Nadmieniłem już nie raz że fascynuje mnie południe stanów zjednoczonych. Może nie jestem obywatelem Dixie, ale niewątpliwie tamtejszy styl życia jest mi bliski i czuję głęboką tęsknotę za tym utraconym krajem, który odmieniła klęska Roberta E. Lee.
Ale bez smętów.
Wracając niedawno z urlopowego wyjazdu, słuchaliśmy w samochodzie różnych rytmów z szeroko pojętego południa. Od Nowego Meksyku i Texasu, po dorzecze Missisipi i bagna Florydy.
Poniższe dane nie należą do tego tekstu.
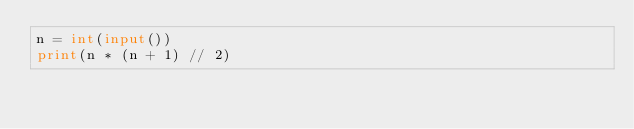Convert code to text. <code><loc_0><loc_0><loc_500><loc_500><_Python_>n = int(input())
print(n * (n + 1) // 2)</code> 
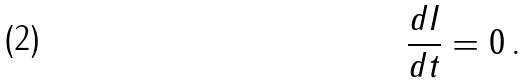Convert formula to latex. <formula><loc_0><loc_0><loc_500><loc_500>\frac { d I } { d t } = 0 \, .</formula> 
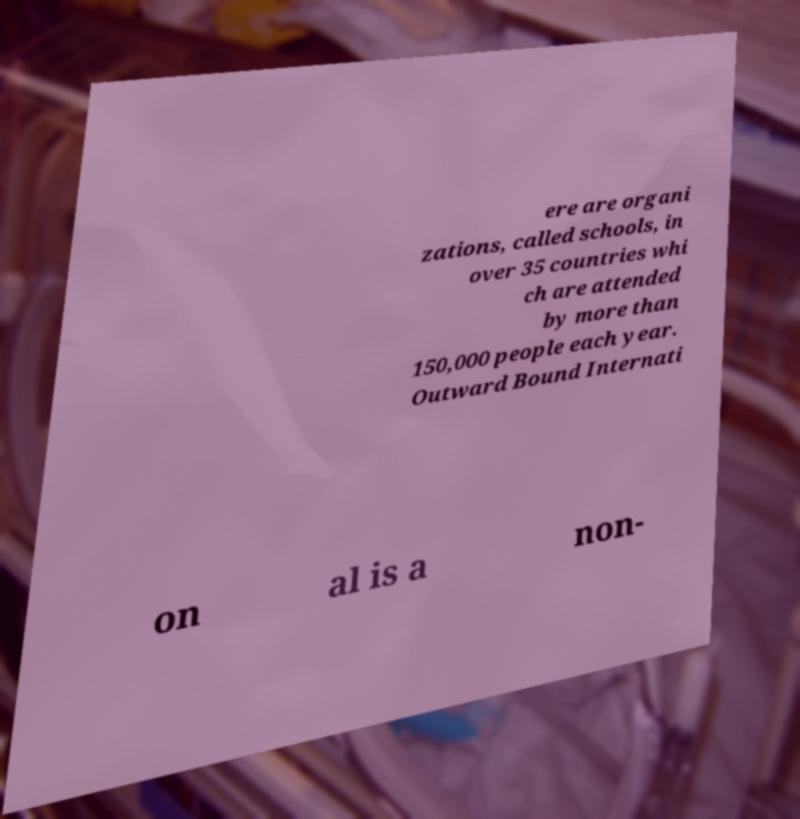Could you extract and type out the text from this image? ere are organi zations, called schools, in over 35 countries whi ch are attended by more than 150,000 people each year. Outward Bound Internati on al is a non- 
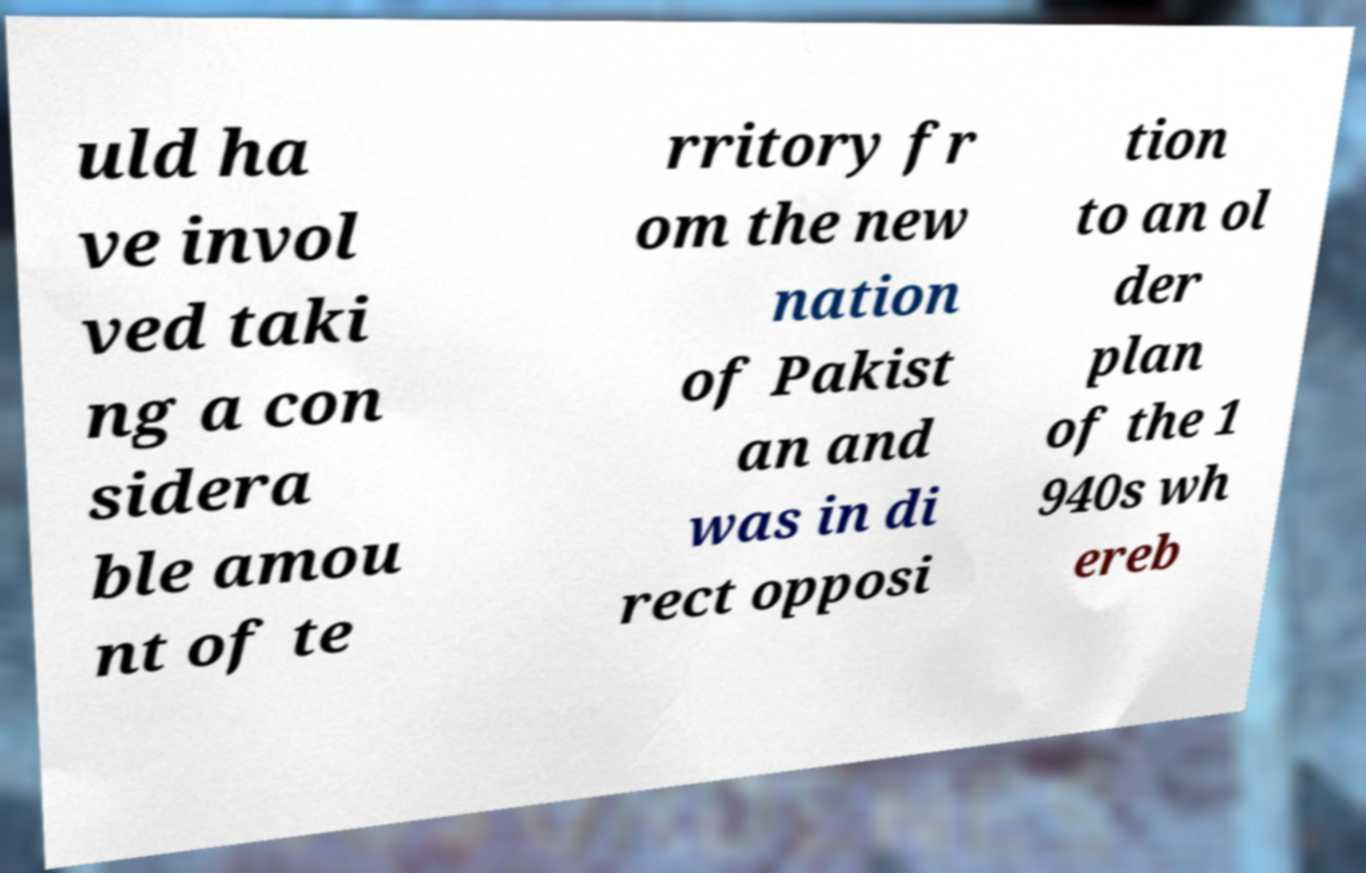Please read and relay the text visible in this image. What does it say? uld ha ve invol ved taki ng a con sidera ble amou nt of te rritory fr om the new nation of Pakist an and was in di rect opposi tion to an ol der plan of the 1 940s wh ereb

Tak mną to zakręciło, że wyszukałem małe co nieco i ... teraz słucham zapętlonej play listy.
Wybrałem utwory które znam głównie z filmów bądź trafiłem kiedyś na YouTube.
Poniżej mała próbka tego co mi teraz w głowie gra.
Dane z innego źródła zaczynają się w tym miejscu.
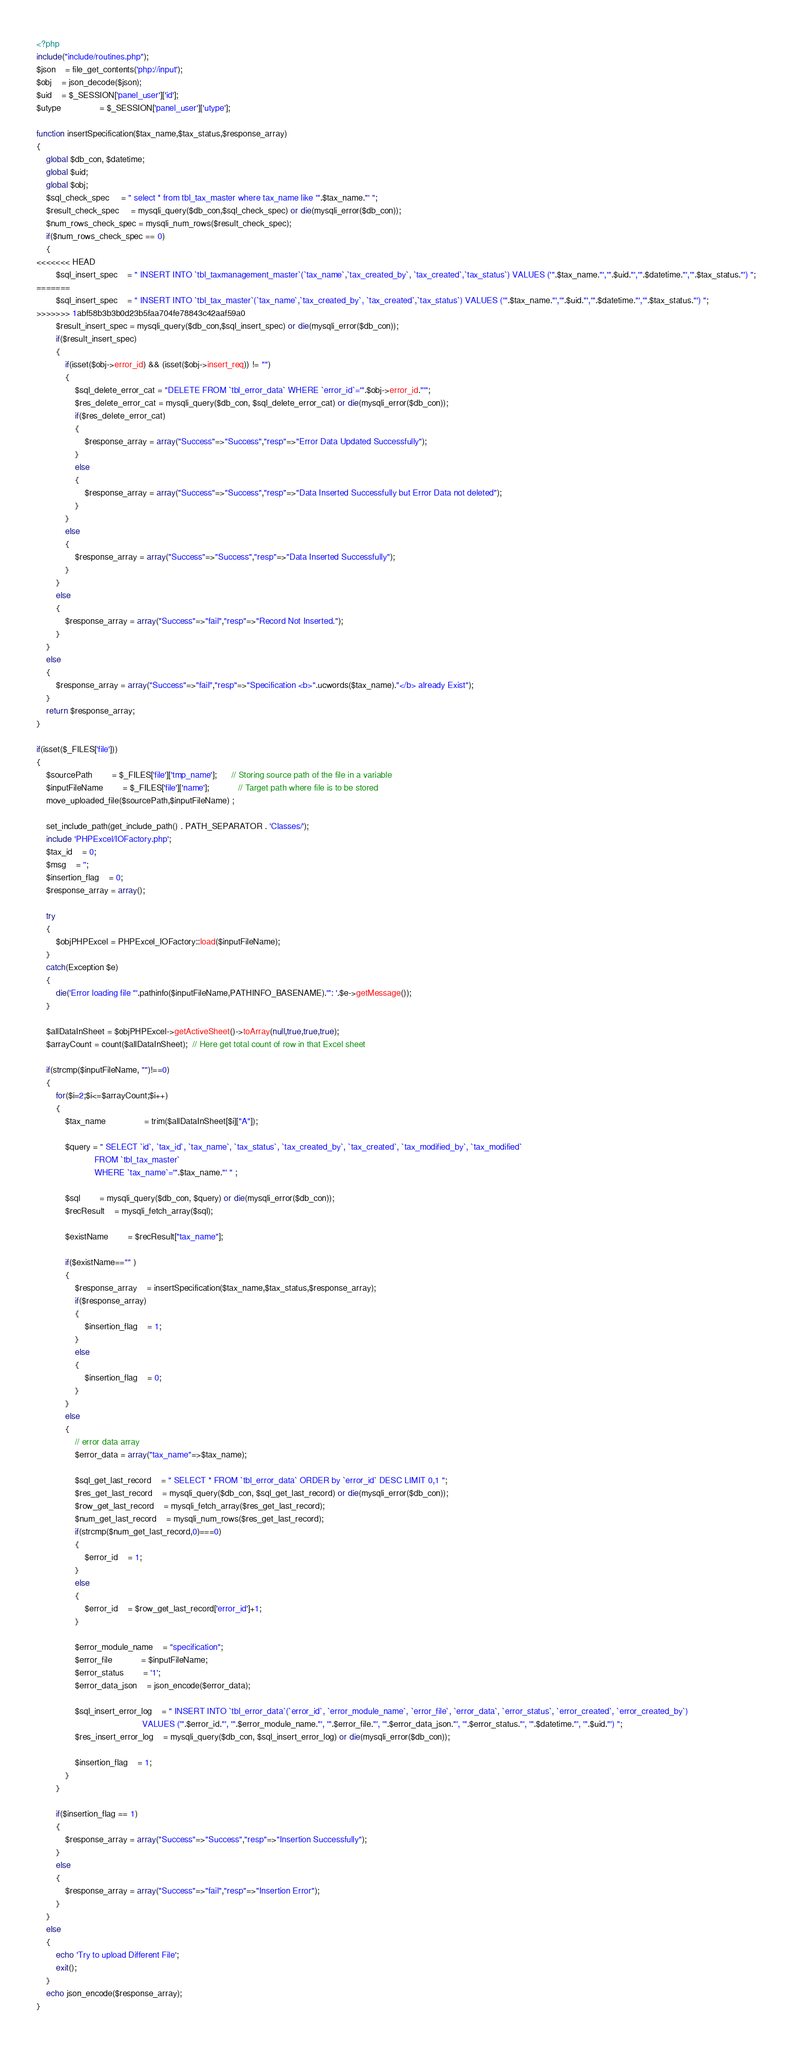Convert code to text. <code><loc_0><loc_0><loc_500><loc_500><_PHP_><?php
include("include/routines.php");
$json 	= file_get_contents('php://input');
$obj 	= json_decode($json);
$uid	= $_SESSION['panel_user']['id'];
$utype				= $_SESSION['panel_user']['utype'];

function insertSpecification($tax_name,$tax_status,$response_array)
{
	global $db_con, $datetime;
	global $uid;
	global $obj;
	$sql_check_spec 	 = " select * from tbl_tax_master where tax_name like '".$tax_name."' "; 
	$result_check_spec 	 = mysqli_query($db_con,$sql_check_spec) or die(mysqli_error($db_con));
	$num_rows_check_spec = mysqli_num_rows($result_check_spec);
	if($num_rows_check_spec == 0)
	{
<<<<<<< HEAD
		$sql_insert_spec 	= " INSERT INTO `tbl_taxmanagement_master`(`tax_name`,`tax_created_by`, `tax_created`,`tax_status`) VALUES ('".$tax_name."','".$uid."','".$datetime."','".$tax_status."') ";
=======
		$sql_insert_spec 	= " INSERT INTO `tbl_tax_master`(`tax_name`,`tax_created_by`, `tax_created`,`tax_status`) VALUES ('".$tax_name."','".$uid."','".$datetime."','".$tax_status."') ";
>>>>>>> 1abf58b3b3b0d23b5faa704fe78843c42aaf59a0
		$result_insert_spec = mysqli_query($db_con,$sql_insert_spec) or die(mysqli_error($db_con));
		if($result_insert_spec)
		{
			if(isset($obj->error_id) && (isset($obj->insert_req)) != "")			
			{
				$sql_delete_error_cat = "DELETE FROM `tbl_error_data` WHERE `error_id`='".$obj->error_id."'";
				$res_delete_error_cat = mysqli_query($db_con, $sql_delete_error_cat) or die(mysqli_error($db_con));				
				if($res_delete_error_cat)
				{
					$response_array = array("Success"=>"Success","resp"=>"Error Data Updated Successfully");
				}
				else
				{
					$response_array = array("Success"=>"Success","resp"=>"Data Inserted Successfully but Error Data not deleted");												
				}
			}
			else
			{
				$response_array = array("Success"=>"Success","resp"=>"Data Inserted Successfully");					
			}				
		}
		else
		{
			$response_array = array("Success"=>"fail","resp"=>"Record Not Inserted.");					
		}			
	}
	else
	{
		$response_array = array("Success"=>"fail","resp"=>"Specification <b>".ucwords($tax_name)."</b> already Exist");
	}	
	return $response_array;
}

if(isset($_FILES['file']))
{
	$sourcePath 		= $_FILES['file']['tmp_name'];      // Storing source path of the file in a variable
	$inputFileName 		= $_FILES['file']['name']; 			// Target path where file is to be stored
	move_uploaded_file($sourcePath,$inputFileName) ;
	
	set_include_path(get_include_path() . PATH_SEPARATOR . 'Classes/');
	include 'PHPExcel/IOFactory.php';
	$tax_id 	= 0;
	$msg	= '';
	$insertion_flag	= 0;
	$response_array = array();
	
	try 
	{
		$objPHPExcel = PHPExcel_IOFactory::load($inputFileName);
	} 
	catch(Exception $e) 
	{
		die('Error loading file "'.pathinfo($inputFileName,PATHINFO_BASENAME).'": '.$e->getMessage());
	}
	
	$allDataInSheet = $objPHPExcel->getActiveSheet()->toArray(null,true,true,true);
	$arrayCount = count($allDataInSheet);  // Here get total count of row in that Excel sheet
	
	if(strcmp($inputFileName, "")!==0)
	{
		for($i=2;$i<=$arrayCount;$i++)
		{
			$tax_name 				= trim($allDataInSheet[$i]["A"]);
			
			$query = " SELECT `id`, `tax_id`, `tax_name`, `tax_status`, `tax_created_by`, `tax_created`, `tax_modified_by`, `tax_modified` 
						FROM `tbl_tax_master` 
						WHERE `tax_name`='".$tax_name."' " ;
							
			$sql 		= mysqli_query($db_con, $query) or die(mysqli_error($db_con));
			$recResult 	= mysqli_fetch_array($sql);
			
			$existName 		= $recResult["tax_name"];
			
			if($existName=="" )
			{
				$response_array 	= insertSpecification($tax_name,$tax_status,$response_array);
				if($response_array)
				{
					$insertion_flag	= 1;	
				}
				else
				{
					$insertion_flag	= 0;	
				}
			}
			else
			{
				// error data array
				$error_data = array("tax_name"=>$tax_name);	
				
				$sql_get_last_record	= " SELECT * FROM `tbl_error_data` ORDER by `error_id` DESC LIMIT 0,1 ";
				$res_get_last_record	= mysqli_query($db_con, $sql_get_last_record) or die(mysqli_error($db_con));
				$row_get_last_record	= mysqli_fetch_array($res_get_last_record);
				$num_get_last_record	= mysqli_num_rows($res_get_last_record);
				if(strcmp($num_get_last_record,0)===0)
				{
					$error_id	= 1;
				}
				else
				{
					$error_id	= $row_get_last_record['error_id']+1;
				}
				
				$error_module_name	= "specification";
				$error_file			= $inputFileName;
				$error_status		= '1';
				$error_data_json	= json_encode($error_data);
				
				$sql_insert_error_log	= " INSERT INTO `tbl_error_data`(`error_id`, `error_module_name`, `error_file`, `error_data`, `error_status`, `error_created`, `error_created_by`) 
											VALUES ('".$error_id."', '".$error_module_name."', '".$error_file."', '".$error_data_json."', '".$error_status."', '".$datetime."', '".$uid."') ";
				$res_insert_error_log 	= mysqli_query($db_con, $sql_insert_error_log) or die(mysqli_error($db_con));
				
				$insertion_flag	= 1;
			}
		}
		
		if($insertion_flag == 1)
		{
			$response_array = array("Success"=>"Success","resp"=>"Insertion Successfully");	
		}
		else
		{
			$response_array = array("Success"=>"fail","resp"=>"Insertion Error");			
		}
	}
	else
	{
		echo 'Try to upload Different File';
		exit();
	}
	echo json_encode($response_array);
}
</code>

Powyżej Wayfaring Stranger - wykonuje Jack White, w filmie Cold Mountain.
A teraz, Soggy Bottom Boys - I'am a Men of Constant Sorrow z filmu "O brother where art thou?"
A na koniec coś nowszego co jednak przykuło moją uwagę .... hm ... w sumie to juz bardziej country ale .. i tak coś w sobie ma ^_^
Może nie mam gustu muzycznego ale za to wiem co mi się podoba i co mnie intryguje.
Może nie mam gustu muzycznego ale za to wiem co mi się podoba i co mnie intryguje.
Big & Rich - Save a Horse (Ride a Cowboy)
Jak widzicie, wszędzie czają się inspiracje ... jakie, to już inna kwestia. Czają się i trzeba uważać co nam wpadnie do głowy, bo możemy mieć problem by się tego pozbyć. Tak ja Ja teraz.